One tool that can be helpful in that respect is a bias dashboard that separately analyzes how a people analytics tool performs across different groups (e.g. race), allowing early detection of possible bias. This dashboard highlights, across different groups, both the statistical performance as well as the impact. As an example, for an application supporting hiring, the dashboard may summarize the accuracy and the type of mistakes the model makes, as well as the fraction from each group that got an interview and was eventually hired.
In addition to monitoring performance metrics, managers can explicitly test for bias. One way to do this is to exclude a particular demographic variable (e.g., gender) in training the AI-based tool but then explicitly include that variable in a subsequent analysis of outcomes. If gender is highly correlated with outcomes — for example, if one gender is disproportionately likely to be recommended for a raise — that is a sign that the AI tool might be implicitly incorporating gender in an undesirable way. It may be that the tool disproportionately identified women as candidates for raises because women tend to be underpaid in your organization. If so, the AI-tool is helping you solve an important problem. But it could also be that the AI tool is reinforcing an existing bias. Further investigation will be required to determine the underlying cause.
It’s important to remember that no model is complete. For instance, an employee’s personality likely affects their success at your firm without necessarily showing up in your HR data on that employee. HR professionals need to be alert to these possibilities and document them to the extent possible. While algorithms can help interpret past data and identify patterns, people analytics is still a human-centered field, and in many cases, especially the difficult ones, the final decisions are still going to be made by humans, as reflected in the current popular phrase “human-in-the-loop-analytics.”
To be effective, these humans need to be aware of machine learning bias and the limitations of the model, monitor the models’ deployment in real-time and be prepared to take necessary corrective action. A bias-aware process incorporates human judgement into each analytical step, including awareness of how AI tools can amplify biases through feedback loops. A concrete example is when hiring decisions are based on “cultural fit,” and each hiring cycle brings more similar employees to the organization, which in turn makes the cultural fit even narrower, potentially working against diversity goals.
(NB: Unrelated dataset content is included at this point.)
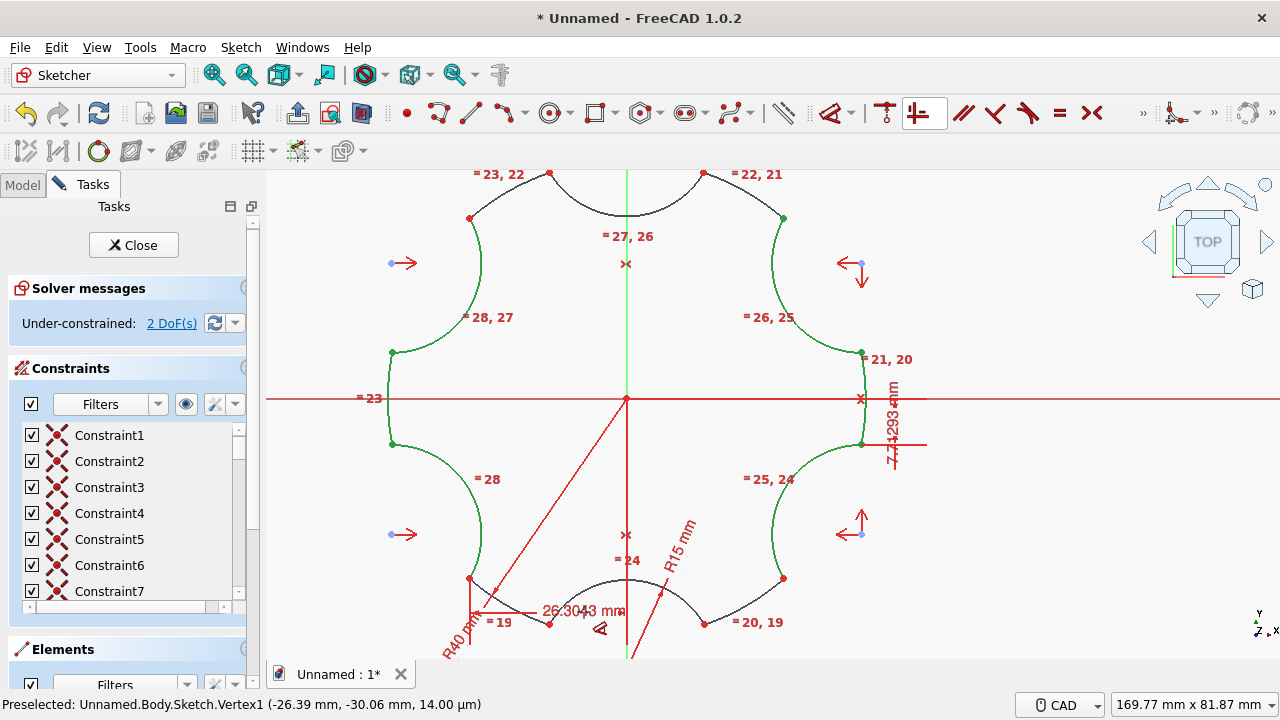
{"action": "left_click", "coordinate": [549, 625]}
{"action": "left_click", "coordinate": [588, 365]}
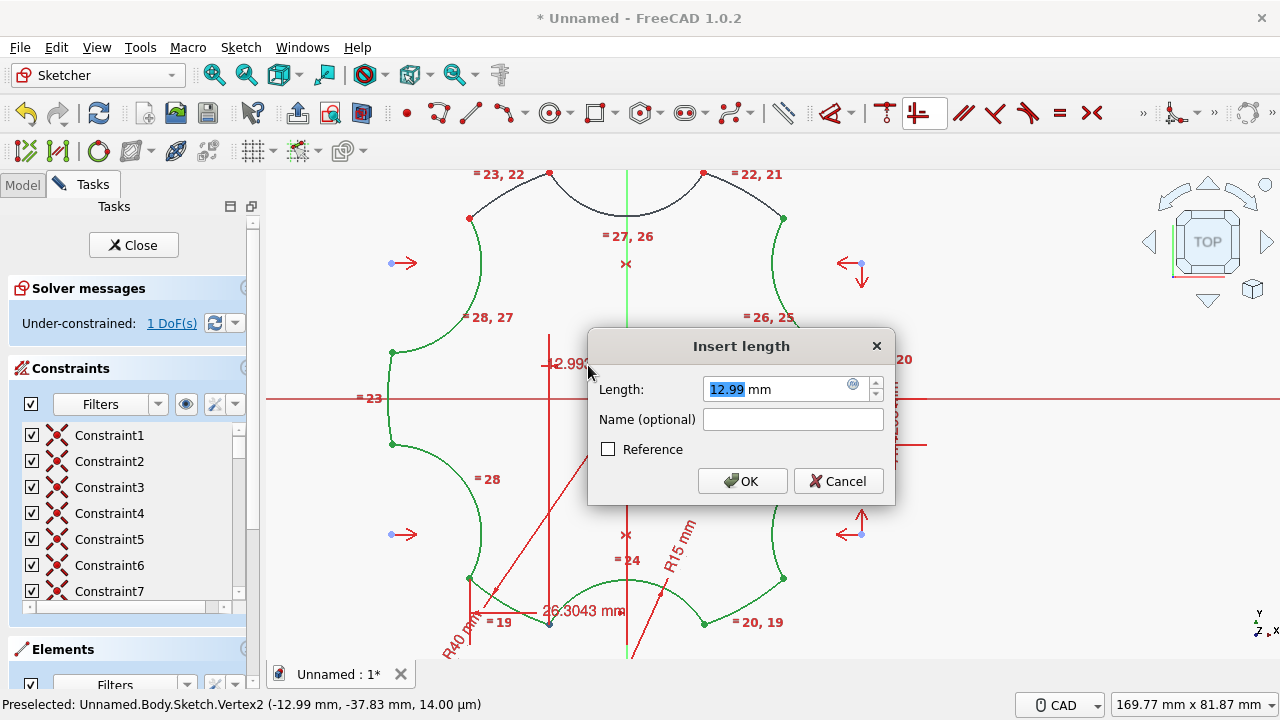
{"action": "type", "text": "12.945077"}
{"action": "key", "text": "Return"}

In this case broadening the hiring criteria may be called for in addition to refining the AI tool.
People analytics, especially based on AI, is an incredibly powerful tool that has become indispensable in modern HR. But quantitative models are intended to assist, not replace, human judgment. To get the most out of AI and other people analytics tools, you will need to consistently monitor how the application is working in real time, what explicit and implicit criteria are being used to make decisions and train the tool, and whether outcomes are affecting different groups differently in unintended ways. By asking the right questions of the data, the model, the decisions, and the software vendors, managers can successfully harness the power of People Analytics to build the high-achieving, equitable workplaces of tomorrow.